Mitte Februar 2023 fängt das ganze westliche Narrativ vom “unprovozierten Angriffskrieg” der Russen an, zu zerbröseln, genauso, wie das Narrativ vom Kriegsbezug der Nordstream-Sprengungen. Vielmehr schält sich heraus, daß in den USA mit der Ukraine ein drittes Scheitern bei dem Versuch, einen Fuß in die russische Tür zu bekommen – nach Georgien und Kasachstan – zwar nicht gewollt, aber durchaus in Kauf genommen worden sein könnte, weil sich ein bislang verschwiegenes Ziel auf jeden Fall realisieren würde: Die Ausschaltung Deutschlands und der EU als wirtschaftlichen Konkurrenten auf dem Weltmarkt via “Bündnispflichten”. Inzwischen ist noch nicht einmal mehr auszuschließen, daß das eigentlich das Hauptziel des ganzen Ukraine-Engagements der USA gewesen ist: Die Bündnistreue der europäischen NATO-Mitglieder dafür auszunützen, sie erstens als Wirtschaftsmacht zu beerdigen – und zweitens, ihr Wiedererstarken durch die Kappung sowohl der Ressourcen aus Russland als auch der freundschaftlichen Beziehungen nach Russland zu verhindern – und dafür in einem politischen und wahrhaftig menschenverachtenden Roulettespiel das Leben von hunderttausenden von Ukrainern und Russen “zu setzen”. Dafür spricht, daß sich in den USA von allem Anfang niemand Illusionen machen konnte darüber, wie das Kräfteverhältnis zwischen NATO und Russland bei Mann und Material in einem Bodenkrieg aussieht.
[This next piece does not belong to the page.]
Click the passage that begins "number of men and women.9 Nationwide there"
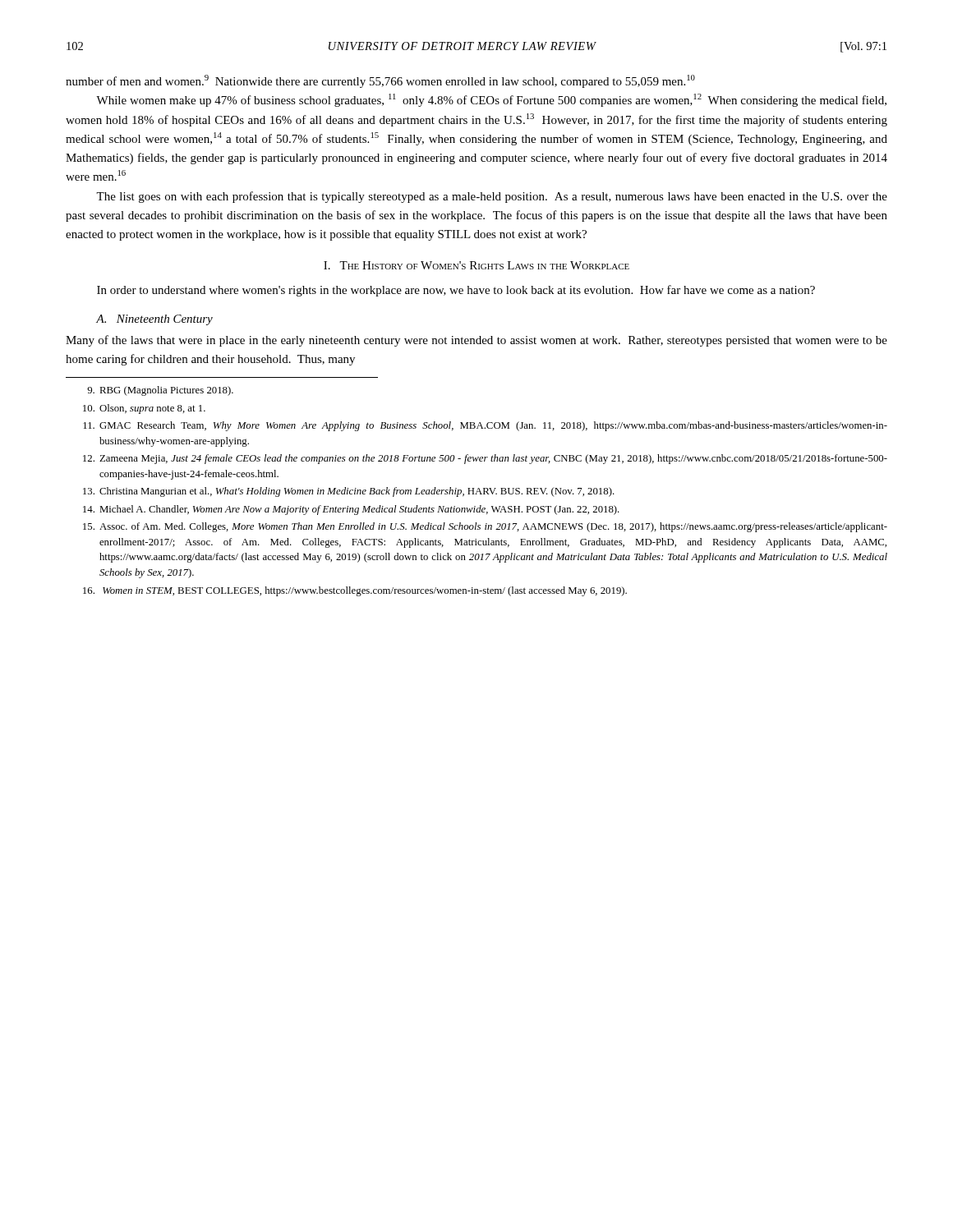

Und wenn solche Illusionen dennoch bestanden haben sollten, dann wäre das ein guter Grund für die Amerikaner, wegen erwiesener Idiotie gleich die “Hände hoch” zu nehmen.

Das ganze UFO- und Ballongedöns der vergangenen Tage läßt darauf schließen, daß in den USA nichts derartig unerwünscht ist, wie eine Debatte um die Sprengung von Nordstream 1&2 sowie die Implikationen daraus. Es ändert aber nichts: Die Zukunft Europas liegt nicht im Vasallentum einer Macht, die ihrem “Exzeptionalismus” frönt – dieser amerikanischen Version einer “Herrenmenschenideologie” sozusagen – , sondern sie liegt in Eurasien. Weshalb den Europäern gar nichts anderes übrig bleibt, als die “trojanischen Pferde” des Transatlantizismus in ihren Reihen zu identifizieren und unschädlich zu machen, um sich von den USA zu emanzipieren. Dort hat man nämlich endgültig die Masken fallen lassen. Die USA sind nicht “Verbündete & Partner” der Europäer, sondern ihre erbittertsten Feinde. Die USA von heute haben mit den “westlichen Werten” nichts mehr zu tun, weil Verrat und Lüge noch nie westliche Werte gewesen sind. Schluß mit “Cheese” für die Kameras!

So lange Deutschland noch der “Zahlmeister” der EU ist, sollte deshalb viel Überzeugungsarbeit geleistet werden, um auch die anderen Europäer für einen fundamentalen Richtungswechsel zu gewinnen. Die Amis haben es ein für allemal vergeigt.